Climate risks endanger 13 of the 18 FTSE 100 sectors, and a new tool makes it possible for investors, insurers, and anyone with an interest to explore the specific risks faced by sectors, sub-sectors, and specific processes supporting the global economy.
27 November 2018 | Last week, the US government published a detailed report warning that climate change is already hitting the economy hard and will devastate it in coming decades as crops fail, fires rage, and floods rise. But how will those risks hit individual sectors?
To help answer that, the Natural Capital Finance Alliance (NCFA) has launched a tool called ENCORE (Exploring Natural Capital Opportunities, Risks and Exposure), which makes it possible to explore the environmental risks associated with sectors, industries, and specific manufacturing processes – such as, for example, the exposure that the packaged foods sector faces when confronted with disruptions in water supply.
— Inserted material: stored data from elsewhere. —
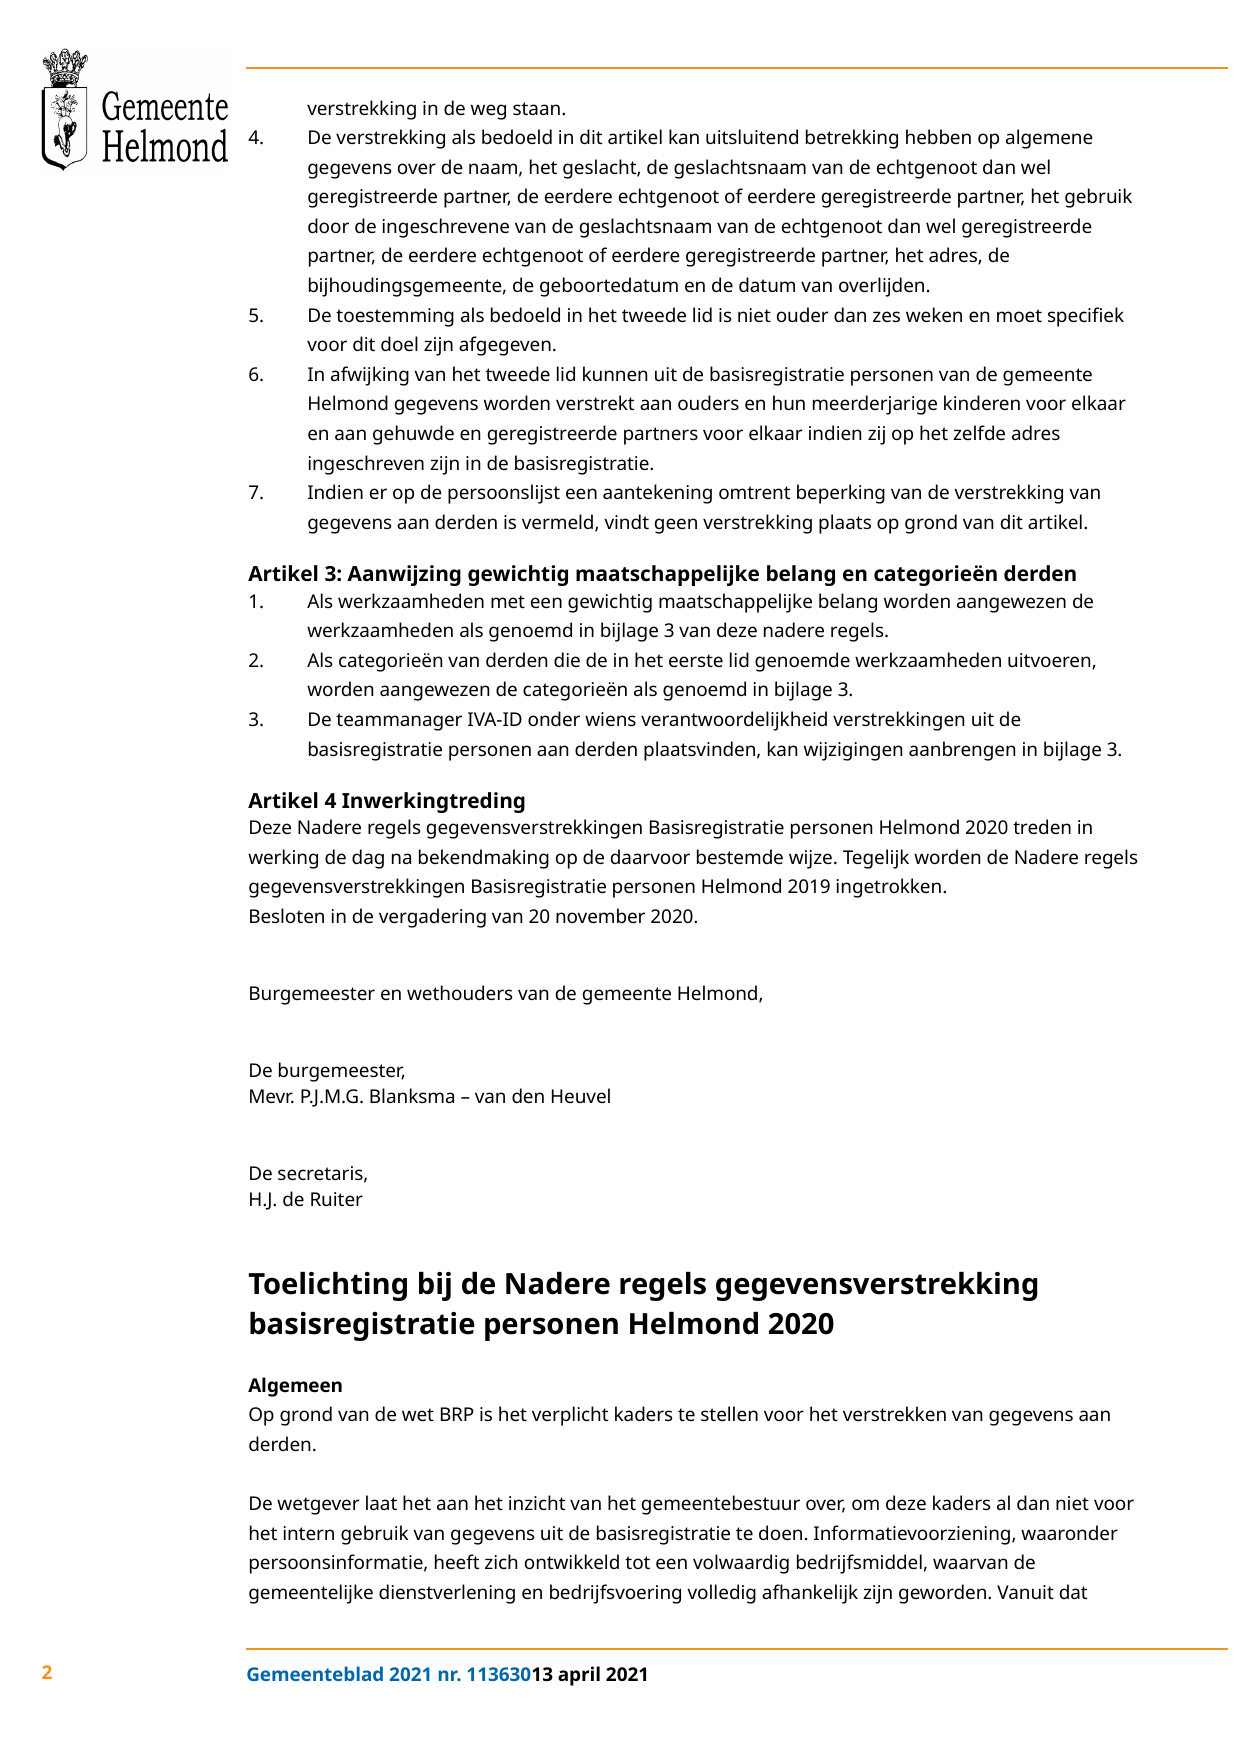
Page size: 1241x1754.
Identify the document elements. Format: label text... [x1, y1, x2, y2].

text Burgemeester en wethouders van de gemeente Helmond, [248, 981, 1152, 1006]
text Mevr. P.J.M.G. Blanksma – van den Heuvel [248, 1083, 1152, 1109]
list In afwijking van het tweede lid kunnen uit de basisregistratie personen van de gemeente Helmond gegevens worden verstrekt aan ouders en hun meerderjarige kinderen voor elkaar en aan gehuwde en geregistreerde partners voor elkaar indien zij op het zelfde adres ingeschreven zijn in de basisregistratie. [248, 361, 1152, 476]
text De wetgever laat het aan het inzicht van het gemeentebestuur over, om deze kaders al dan niet voor het intern gebruik van gegevens uit de basisregistratie te doen. Informatievoorziening, waaronder persoonsinformatie, heeft zich ontwikkeld tot een volwaardig bedrijfsmiddel, waarvan de gemeentelijke dienstverlening en bedrijfsvoering volledig afhankelijk zijn geworden. Vanuit dat [248, 1490, 1152, 1605]
list De teammanager IVA-ID onder wiens verantwoordelijkheid verstrekkingen uit de basisregistratie personen aan derden plaatsvinden, kan wijzigingen aanbrengen in bijlage 3. [248, 706, 1152, 761]
picture [41, 47, 231, 172]
text Deze Nadere regels gegevensverstrekkingen Basisregistratie personen Helmond 2020 treden in werking de dag na bekendmaking op de daarvoor bestemde wijze. Tegelijk worden de Nadere regels gegevensverstrekkingen Basisregistratie personen Helmond 2019 ingetrokken. [248, 814, 1152, 899]
list De verstrekking als bedoeld in dit artikel kan uitsluitend betrekking hebben op algemene gegevens over de naam, het geslacht, de geslachtsnaam van de echtgenoot dan wel geregistreerde partner, de eerdere echtgenoot of eerdere geregistreerde partner, het gebruik door de ingeschrevene van de geslachtsnaam van de echtgenoot dan wel geregistreerde partner, de eerdere echtgenoot of eerdere geregistreerde partner, het adres, de bijhoudingsgemeente, de geboortedatum en de datum van overlijden. [248, 124, 1152, 298]
list Als categorieën van derden die de in het eerste lid genoemde werkzaamheden uitvoeren, worden aangewezen de categorieën als genoemd in bijlage 3. [248, 647, 1152, 702]
list verstrekking in de weg staan. [248, 95, 1152, 121]
list Als werkzaamheden met een gewichtig maatschappelijke belang worden aangewezen de werkzaamheden als genoemd in bijlage 3 van deze nadere regels. [248, 588, 1152, 643]
text Op grond van de wet BRP is het verplicht kaders te stellen voor het verstrekken van gegevens aan derden. [248, 1402, 1152, 1457]
text De burgemeester, [248, 1058, 1152, 1083]
text H.J. de Ruiter [248, 1186, 1152, 1212]
text Artikel 4 Inwerkingtreding [248, 786, 1152, 814]
text Besloten in de vergadering van 20 november 2020. [248, 903, 1152, 929]
list Indien er op de persoonslijst een aantekening omtrent beperking van de verstrekking van gegevens aan derden is vermeld, vindt geen verstrekking plaats op grond van dit artikel. [248, 479, 1152, 535]
text Artikel 3: Aanwijzing gewichtig maatschappelijke belang en categorieën derden [248, 559, 1152, 588]
text De secretaris, [248, 1161, 1152, 1186]
text Algemeen [248, 1372, 1152, 1398]
list De toestemming als bedoeld in het tweede lid is niet ouder dan zes weken en moet specifiek voor dit doel zijn afgegeven. [248, 302, 1152, 357]
text Toelichting bij de Nadere regels gegevensverstrekking basisregistratie personen Helmond 2020 [248, 1263, 1152, 1343]
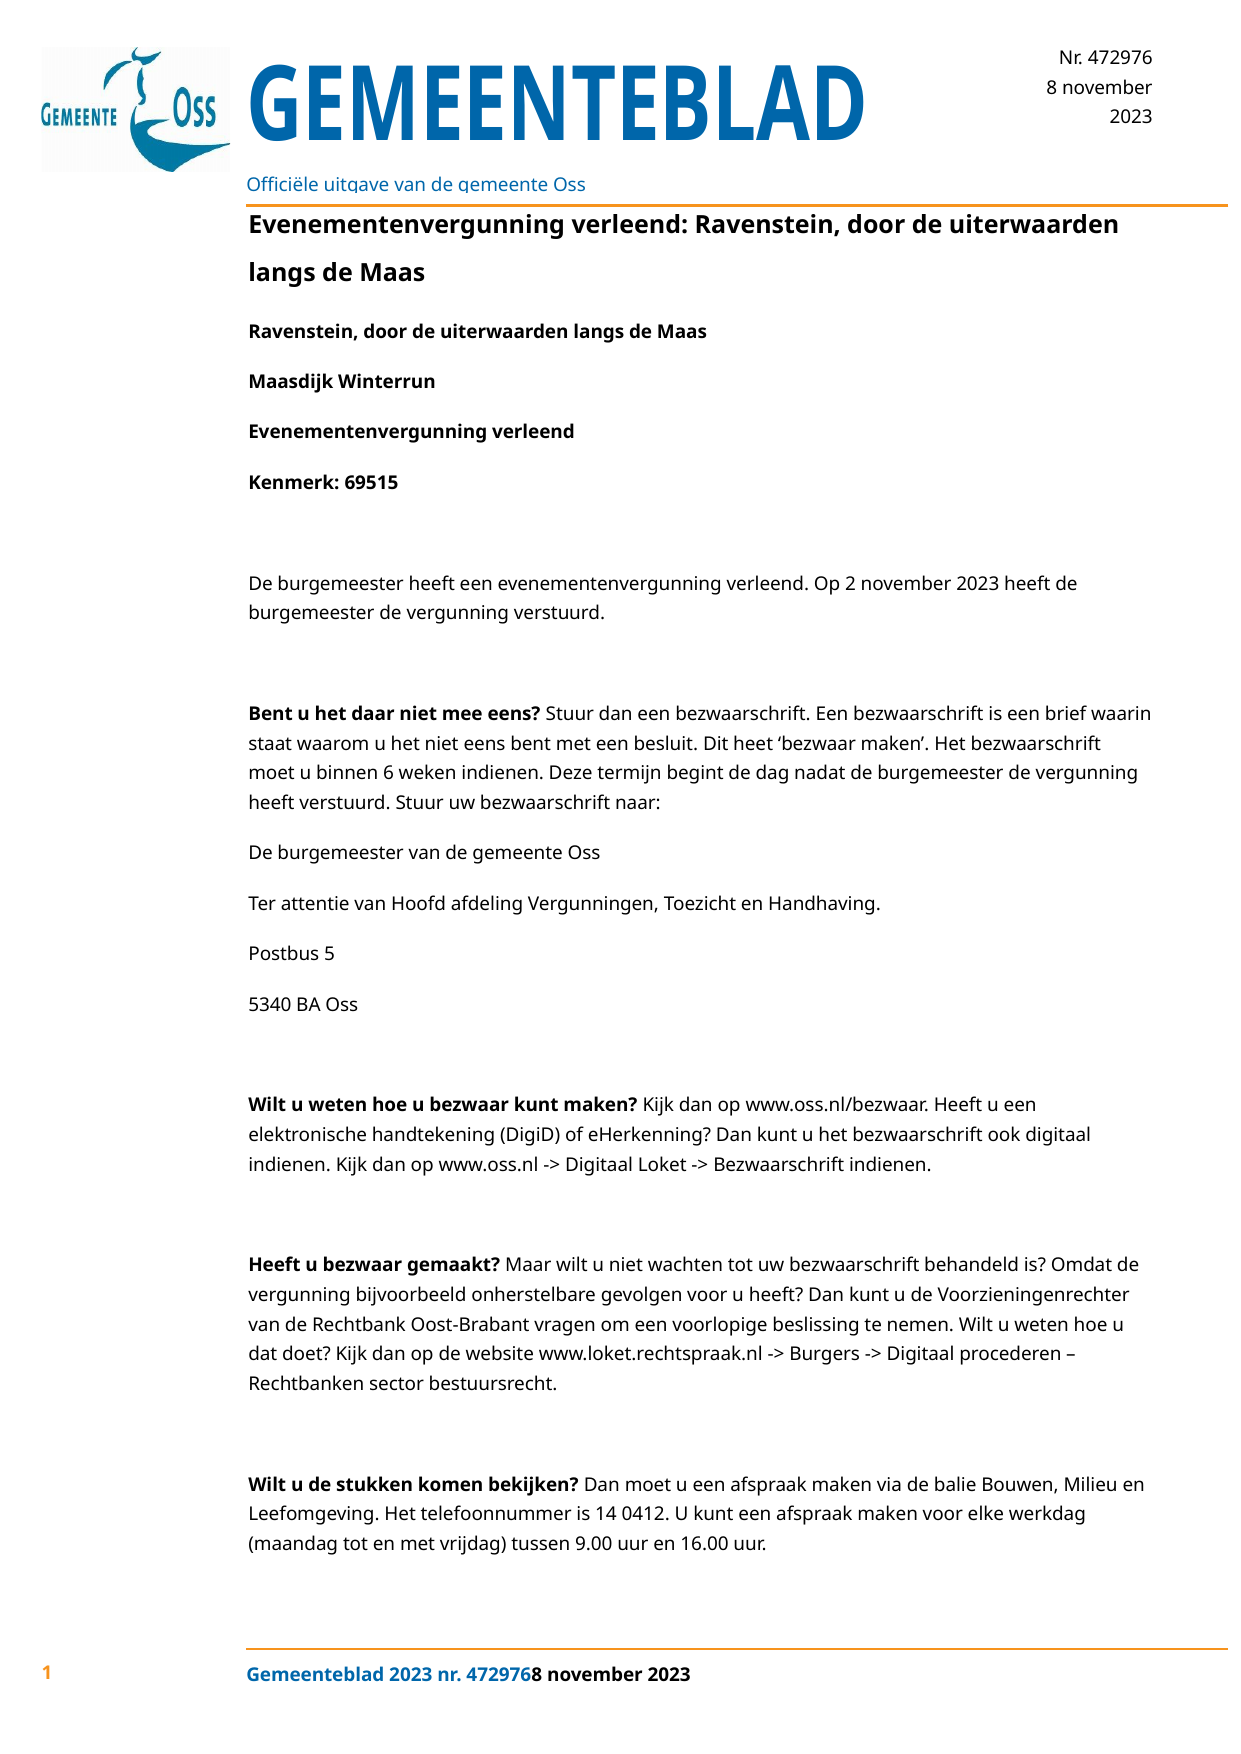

The database draws on extensive data and screening criteria and covers 167 economic sectors and 21 ‘ecosystem services’, or services that healthy ecosystems provide, such as clean and reliable supplies of water, carbon sequestration, and pollination. ENCORE data has identified that the three sectors most materially dependent on nature are: Agriculture, Aquaculture & fisheries and Forest products. Sectors such as Utilities, Oil & gas and Mining were also found to have a very high dependence on ecosystem services. The three most important ‘ecosystem services’ for the global economy were found to be: Water provision, Climate regulation and Flood protection.
The tool shows that 13 of the 18 sectors that comprise FTSE 100 have high or very high material dependence on nature.
The ENCORE tool is managed by the NCFA, a collaboration between the UN Environment Finance Initiative (UNEP FI) and Global Canopy, in partnership with UN Environment World Conservation Monitoring Centre. It launches at today’s UNEP FI Global Roundtable in Paris. YES Bank, First Rand and VicSuper are among the financial institutions supporting the tool at the launch. Other NCFA signatories or institutions involved in the creation of ENCORE include IFC, UBS, National Australia Bank, Citi, UniCredit and CDC Biodiversite.